This post is part of a regular series of interviews with people across Asia-Pacific who use the Internet to create, connect and grow. This week Mr. Kinoshita, the CEO of Tsujikura, from Japan shared his four customer-centric business principles.
1. Think deeply about what your customers need
Tsujikura of Kyoto was around well before the Internet was dreamed of, let alone the radio or television. A manufacturer of traditional Japanese lanterns and umbrellas established in 1690, Tsujikura takes pride in maintaining the tradition and culture passed down during its more-than-300-year history. Tsujikura might be steeped in Japanese history, but after many overseas tourists visited the store in Kyoto, Mr. Kinoshita, the CEO, said that he "felt that the business had a duty to deliver a small piece of Japanese culture to those who could not visit the store in person." To answer this need, Tsujikura launched its website in 2012.

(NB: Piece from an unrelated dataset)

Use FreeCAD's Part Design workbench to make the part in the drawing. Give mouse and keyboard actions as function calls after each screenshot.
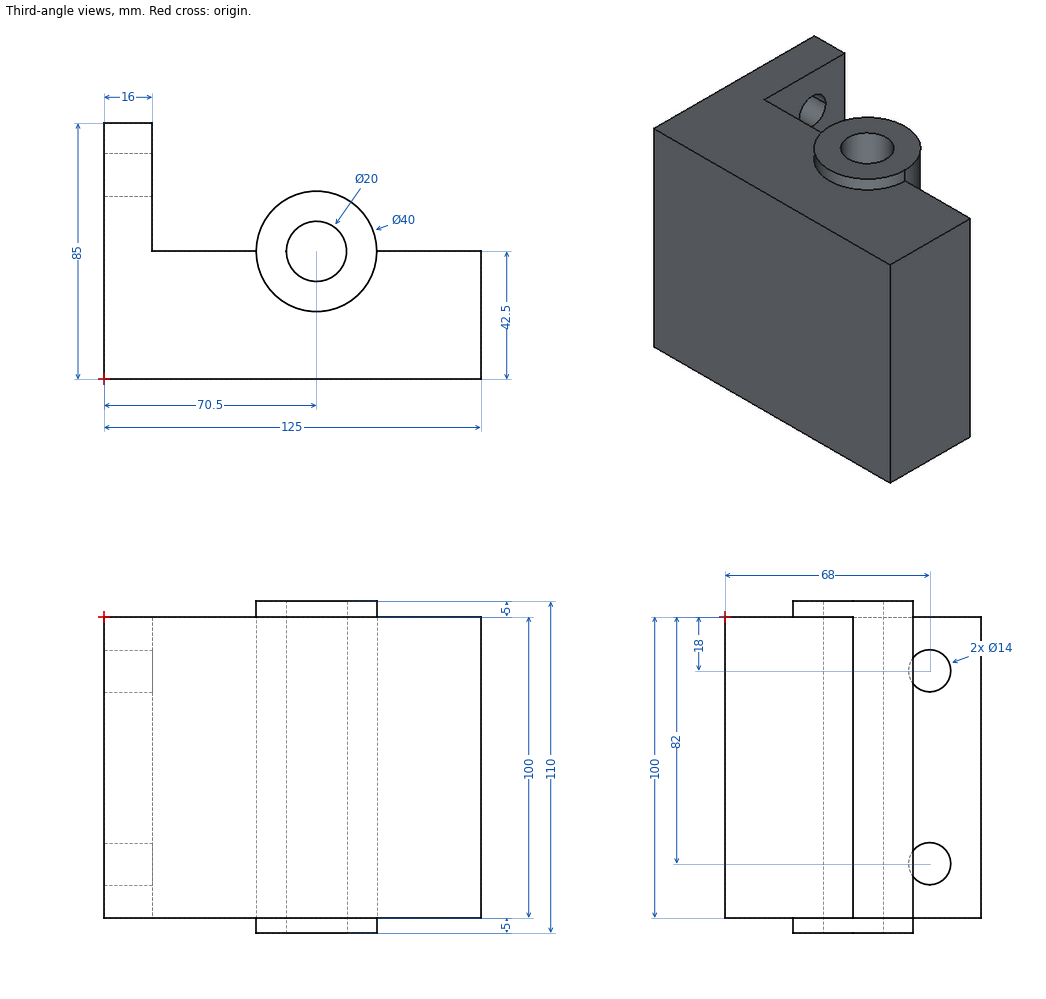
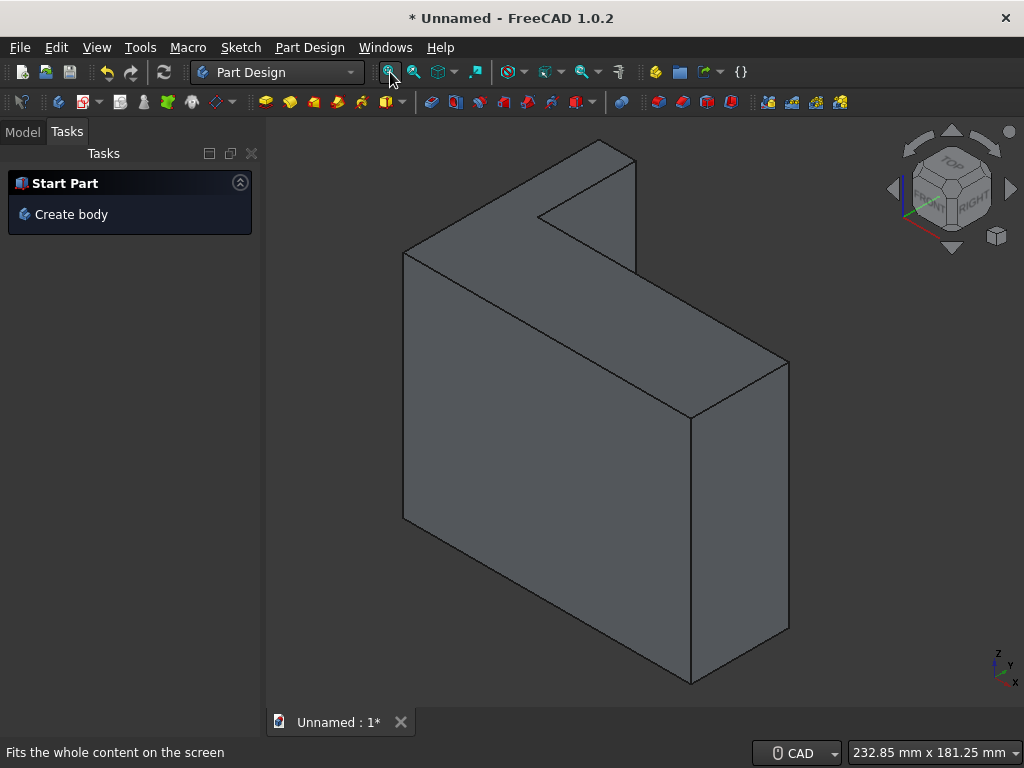
click(601, 237)

2. Only promote to customers who are interested
After the site launched, Tsujikura started using Internet ads to promote the site. This was a big step for the company that had had never used newspaper or magazine adverts in the past, but Mr. Kinoshita explained his philosophy, "Internet ads allow for the kind of freedom of expression that I strongly believe in. Search ads can provide genuine information to those who are interested." Once Tsujikura started using online ads, international sales saw a three-fold increase in 2014 and page views doubled. Since 2012, the company's combined national and international sales have grown by 160%.
3. Follow the customer, wherever they may lead you
Initially, Tsujikura concentrated its ads in the US, but after receiving orders from Spain and France, the company implemented ads in the two countries. In addition, following transactions with hotels based in Singapore and Maldives, it also continues showing ads in those two countries.
4. Listen to customer demands, but maintain your standards
In many countries, Tsujikura's umbrellas are used to make places look nice more than to keep off the rain, and some of them are also turned into lighting fixtures. Mr. Kinoshita is happy to meet the needs of his customers, but will not compromise on the centuries-long traditions of craftsmanship, "Because Tsujikura has a long history as an umbrella manufacturer," Mr. Kinoshita explained, "we are happy to adapt the existing product to the new world of today, while maintaining our long-established traditions — without introducing any radical changes to the way they are made."
What's next for this traditional company? Mr. Kinoshita shared that in October 2014 40% of users accessed the site from mobile devices, so their next step is to follow them onto mobile with a new mobile-friendly website.